Fish communities are not predicted to collapse in response to SCTLD (Figs. 3 to 5). Fish had complex responses to variability in reef composition associated with the disease. Herbivorous fishes were positively associated with fire coral (Fig. 3 and fig. S1), which can provide shelter (59) and benefit indirectly from SCTLD (Fig. 2A). Coral-associated fish benefitted from macroalgae, fire coral, and CCA, but unexpectedly had no direct relationships with live scleractinian coral (Fig. 3 and fig. S1). Because macroalgae and fire coral are expected to benefit from SCTLD, and CCA is expected to decline (Fig. 2A), coral-associated fish will likely have a range of responses to SCTLD. Moreover, these results suggest that the rugosity of coral, rather than its status as alive or dead, per se, may underlie many coral-fish associations. “All other fishes” benefitted from the presence of SCTLD-susceptible coral but were negatively associated with SCTLD-resistant coral (Fig. 3 and fig. S1). This latter association suggests that predatory and non-coral associated fish may unexpectedly be the groups most indirectly affected by SCTLD. Thus, we expect that SCTLD will alter fish communities in complex ways associated with the initial proportion of susceptible corals on a reef and the extent to which their loss will reduce rugosity (Figs. 4 and 5).
Fig. 5. Community impacts of SCTLD are predicted to be highly geographically variable.
Map of predicted changes to SCTLD-susceptible coral, rugosity, coral-associated fishes, herbivorous fishes, and all other fishes after 4 years of SCTLD presence. Point size represents the magnitude of predicted change after 4 years, expressed as the number of SDs from the initial values. Larger points represent the greatest predicted changes, red points represent sites where decreases are predicted, and black points represent sites with predicted increases. Latitude and longitude lines for each region (Dry Tortugas, Puerto Rico, and USVI) are shown in the leftmost map of each region. This figure uses an ArcGIS base map with the following attribution: “Esri, HERE, Garmin, GEBCO, EPA, FAO, FDEP, Foursquare, Kadaster Netherlands, METI/NASA, NaturalVue, NPS, SafeGraph, USVI GIS Division, USDA, and USGS.”
Fig. 4. Following the introduction of SCTLD, reef fish responses are predicted to vary across functional groups.

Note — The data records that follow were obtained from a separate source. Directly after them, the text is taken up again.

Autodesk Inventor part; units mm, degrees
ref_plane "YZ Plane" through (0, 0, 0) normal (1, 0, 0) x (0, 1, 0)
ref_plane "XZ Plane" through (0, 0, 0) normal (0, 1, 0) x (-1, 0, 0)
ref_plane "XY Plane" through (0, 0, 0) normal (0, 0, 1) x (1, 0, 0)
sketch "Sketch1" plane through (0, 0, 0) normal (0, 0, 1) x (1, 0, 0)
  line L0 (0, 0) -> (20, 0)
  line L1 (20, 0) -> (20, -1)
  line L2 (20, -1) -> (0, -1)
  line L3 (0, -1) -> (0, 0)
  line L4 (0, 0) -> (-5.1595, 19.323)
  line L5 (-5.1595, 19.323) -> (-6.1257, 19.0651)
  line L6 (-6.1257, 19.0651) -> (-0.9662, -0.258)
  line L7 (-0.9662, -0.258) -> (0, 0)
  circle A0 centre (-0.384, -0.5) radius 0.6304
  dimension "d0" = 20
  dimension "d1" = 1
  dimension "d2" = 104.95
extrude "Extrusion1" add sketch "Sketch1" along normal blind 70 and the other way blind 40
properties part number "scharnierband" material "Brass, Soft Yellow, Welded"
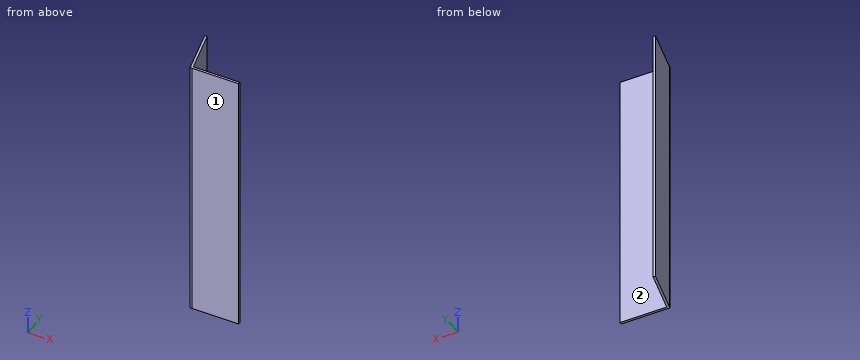
Can you work these out from the model? Positions are in its coordinate system, mm. Face numbers are marked on the shaded views. A direction names the side the tool comes from. Coordinates: 2 decimals unless noted, no trailing zeros. Write each loop counter-clockwise with the first axis right and the second up, starting at its lowest first coordinate (ties: lowest second). Pieces come first, ordered by that corner, then holes. Notation, with made-up numbers: (-5, 18) - (0, 18) arc R8 cw to (0, 33) - close; hole circle Ø6 at (45.25, 84). An arc over 180 degrees is marked (long way). Return JSON: item names as keys, results as strings.
Q1. If we section it at C-C (y = 15.5): Please give me the cut outline in (x, z).
Computed values:
{"outline": "(-5.17, -40) - (-4.14, -40) - (-4.14, 70) - (-5.17, 70) - close"}
Q2. If we section it at B-B (x = 7.75): Please give me the cut outline in (y, z).
Computed values:
{"outline": "(-1, -40) - (0, -40) - (0, 70) - (-1, 70) - close"}
Q3. Please list where these lines run through material, in increasing order: L1, parallel to Y at x = 6.75, z = -23.5; L2, parallel to X at y = 14.5, z = 51; L3, parallel to X at y = 11.5, z = -22. Write a range as from..to.
Computed values:
{"L1": "y = -1..0", "L2": "x = -4.91..-3.87", "L3": "x = -4.11..-3.07"}
Q4. I'm going to push flat-ended pins straight in: pin 1 Ø12 at (x, y) = (3.5, 5) entering from -Z; pin 2 Ø1 at (x, z) = (12, 54) entering from +Y; pin 3 Ø5 at (x, z) = (17, 45) entering from -Y. Where does each tip first touch, or does it pass through?
Computed values:
{"pin 1": "stops at z = -40", "pin 2": "stops at y = 0", "pin 3": "stops at y = -1"}
Q5. If we section it at A-A (z = 59.5): Please give me the cut outline in (x, y), then the cut area to 3 significant figures.
Computed values:
{"outline": "(-6.13, 19.07) - (-0.97, -0.26) arc R0.63 ccw to (0, -1) - (20, -1) - (20, 0) - (0, 0) - (-5.16, 19.32) - close", "area": "40.9 mm2"}
Q6. On a 3-axis mill with a long thin cutter (end or side, diameter ignored), from which of +Z, -Z, +X, -X, +Y, -Y can I reach the whole of each face in a straight line? I mean the marked faces 1 and 2. Say none if no direction works.
Computed values:
{"face 1": "+Z, -Z, +X, -Y", "face 2": "+Z, -Z, +X, +Y"}
Here's how the part is built. I have some questions about the finished solid (model axes, mm). Coordinates: 2 decimals unless noted, no trailing zeros. Loops run counter-clockwise (first coordinate to the right, second up) from the corner with the lowest first, then second, coordinate; pieces in that order, holes last. Notation, with made-up numbers: M -22.75,66.25 L 28.25,66.25 A7 ccw 28.25,72.25 Z; hole C -21.5,28 d8. An arc over 180 degrees is marked long. Use CSV: the item, a comma, the result in double quotes. Start each with the question number.
Q1. If we section it at D-D (y = -7): Please give me the cut outline in (x, z), and give its area (3 significant figures).
Q2. For pin 1 Ø2 at (x, z) = (-18.5, -0.5) entering from -Y; pin 2 Ø10 at (x, y) = (-24.5, 22.5) entering from -Z, each with a flat end and sliding along its axis, tell me the tip position at first contact or that it passes through.
Q3. If we section it at B-B (x = -8.5): Please give me the cut outline in (y, z).
Q4. If we section it at A-A (y = -18): Please give me the cut outline in (x, z).
Q5. If we mould it in two halves opening along Y, with no side actions, what happens to faces 1 (the cylindrical face through (-22.68, 28.52, 1.55)), 2 (the flat face through (-5, -21.753, 0)), 3 (the flat face through (-35.56, 26, 0)), 4 (the cylindrical face through (-5.01, -19.21, 0.11))? For each: +Y half, -Y half, draft (parallel to the pull), parting line (faces both ways), or undercut.
Q6. Please list where these lines run through material, in increasing order: probe 1 along X at (y, z) = (-14, -3.5); probe 2 along Y at (x, z) = (-2.5, -0.75); probe 3 along Y at (x, z) = (-15, 1). Write a range as [from, to].
Q7. If we section it at C-C (x = -24): Please give me the cut outline in (y, z).
from build123d import *

# Parameters (mm, degrees)
F1_DEPTH = 35.56
F0_R     = 2.54
F2_DEPTH = 10.16
F3_DEPTH = 10.16


with BuildPart() as f1:
    # F0 (on Right) → F1 (new body)
    with BuildSketch(Plane.YZ):
        with BuildLine():
            ThreePointArc((29.046643, 0), (26.506643, 2.54), (23.966643, 0))
            ThreePointArc((23.966643, 0), (26.506643, -2.54), (29.046643, 0))
        make_face()
    extrude(amount=-F1_DEPTH)

    # F0 (on Right) → F2 (join)
    with BuildSketch(Plane.YZ):
        Polygon((23.966643, 7.62), (-21.753357, 7.62), (-21.753357, -7.62), (23.966643, -7.62), (23.966643, 0), align=None)
        with Locations((-16.673357, 0)):
            Circle(F0_R, mode=Mode.SUBTRACT)
        with BuildLine():
            ThreePointArc((29.046643, 0), (26.506643, -2.54), (23.966643, 0))
            Line((23.966643, 0), (23.966643, -7.62))
            Line((23.966643, -7.62), (29.046643, -7.62))
            Line((29.046643, -7.62), (29.046643, 0))
        make_face()
    extrude(amount=-F2_DEPTH)

    # F0 (on Right) → F3 (join)
    with BuildSketch(Plane.YZ):
        with BuildLine():
            Line((29.046643, 7.62), (23.966643, 7.62))
            Line((23.966643, 7.62), (23.966643, 0))
            ThreePointArc((23.966643, 0), (26.506643, 2.54), (29.046643, 0))
            Line((29.046643, 0), (29.046643, 7.62))
        make_face()
    extrude(amount=-F3_DEPTH)


solid = f1.part
Results below:
1,outline,"M -10.16,-7.62 L 0,-7.62 L 0,7.62 L -10.16,7.62 Z"
1,area,"155 mm^2"
2,pin 1,"y = 23.97"
2,pin 2,"z = -2.54"
3,outline,"M -21.75,-7.62 L 29.05,-7.62 L 29.05,7.62 L -21.75,7.62 Z; hole C -16.67,0 d5.08"
4,outline,"M -10.16,-7.62 L 0,-7.62 L 0,-2.17 L -10.16,-2.17 Z; M -10.16,2.17 L 0,2.17 L 0,7.62 L -10.16,7.62 Z"
5,face 1,"parting line"
5,face 2,"-Y half"
5,face 3,"draft"
5,face 4,"undercut"
6,probe 1,"[-10.16, 0]"
6,probe 2,"[-21.75, -19.1], [-14.25, 29.05]"
6,probe 3,"[24.17, 28.84]"
7,outline,"C 26.51,0 d5.08"
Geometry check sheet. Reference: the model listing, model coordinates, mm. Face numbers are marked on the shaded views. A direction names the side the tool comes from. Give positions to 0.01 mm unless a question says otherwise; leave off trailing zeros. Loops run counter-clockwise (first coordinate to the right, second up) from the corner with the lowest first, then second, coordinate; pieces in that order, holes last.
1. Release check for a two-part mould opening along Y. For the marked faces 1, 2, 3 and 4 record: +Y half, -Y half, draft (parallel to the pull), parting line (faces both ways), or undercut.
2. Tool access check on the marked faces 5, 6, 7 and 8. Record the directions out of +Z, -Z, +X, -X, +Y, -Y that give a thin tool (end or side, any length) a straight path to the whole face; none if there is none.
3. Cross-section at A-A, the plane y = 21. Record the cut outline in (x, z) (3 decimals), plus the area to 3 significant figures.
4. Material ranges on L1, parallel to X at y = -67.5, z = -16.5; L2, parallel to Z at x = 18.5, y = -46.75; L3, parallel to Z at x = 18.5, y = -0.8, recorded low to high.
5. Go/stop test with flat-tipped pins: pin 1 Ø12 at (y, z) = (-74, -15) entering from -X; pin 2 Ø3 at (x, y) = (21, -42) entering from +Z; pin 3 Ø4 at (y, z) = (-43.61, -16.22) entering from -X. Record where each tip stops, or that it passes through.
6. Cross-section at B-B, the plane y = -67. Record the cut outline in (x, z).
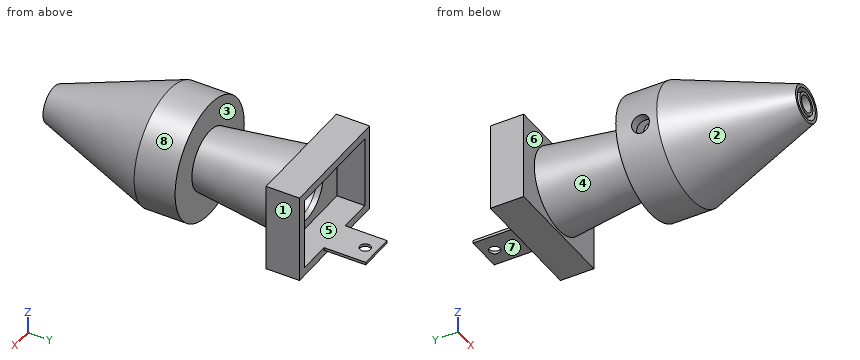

Predictions of absolute and relative changes after the introduction of SCTLD. Each thin line represents predictions at a site from the NCRMP dataset, and thick lines show regional mean values. Predictions were generated by applying rates of change in benthic cover associated with SCTLD observed in the TCRMP dataset to initial conditions in the NCRMP dataset, given relationships between variables that were quantified by the SEM. Predictions were generated out to 4 years after the initial SCTLD infection.
Model simulations informed by both the modeled TCRMP data and relationships from the SEM predicted, on average, a 10% decline in rugosity in the 4 years following the introduction of SCTLD at a given site (Fig. 4). This is consistent with other observations of erosion following coral mortality (60–63). Because predictions were based on existing relationships between live coral and rugosity in the Caribbean, these modeled reductions in rugosity following SCTLD are likely underestimates, as bioerosion will continue to lower rugosity, even without additional coral death. On the other hand, compensatory growth of SCTLD-resistant coral could help restore rugosity over the long term.
Predicted responses of reef fish to the onset of SCTLD were variable. Although most fish communities were projected to change little, those at some sites were expected to decline by up to 50%, with the “other fish” category most sensitive to the coral disease (Figs. 4 and 5). This finding is consistent with a recent study demonstrating that live corals have had a surprisingly minor influence on the evolution of most coral reef fish (64). Butterflyfishes, which are facultative corallivores in this region, have even been found to prefer SCTLD-infected coral (65), which may underlie some of the positive associations between coral-associated fish and the spread of SCTLD. Although SCTLD was projected to decrease reef rugosity, this effect was likely buffered by the positive associations between fish and the compensatory growth of soft-bodied organisms projected to benefit from SCTLD (Fig. 2A).
The loss of SCTLD-susceptible corals is expected on any reefs reached by the disease, with the magnitude of coral loss driven primarily by the initial abundance of those corals. Rugosity is expected to mostly decline moderately, though it might increase in a few areas with the growth of species that are either not affected or indirectly benefit from SCTLD. Consequently, changes to herbivorous and coral-associated fishes are expected to be highly variable across the region, with neighboring reefs often having opposite responses. However, changes to these two fish guilds will often be in parallel at a given site, whereas all other fishes consistently decline, to various magnitudes, in response to SCTLD (Fig. 5).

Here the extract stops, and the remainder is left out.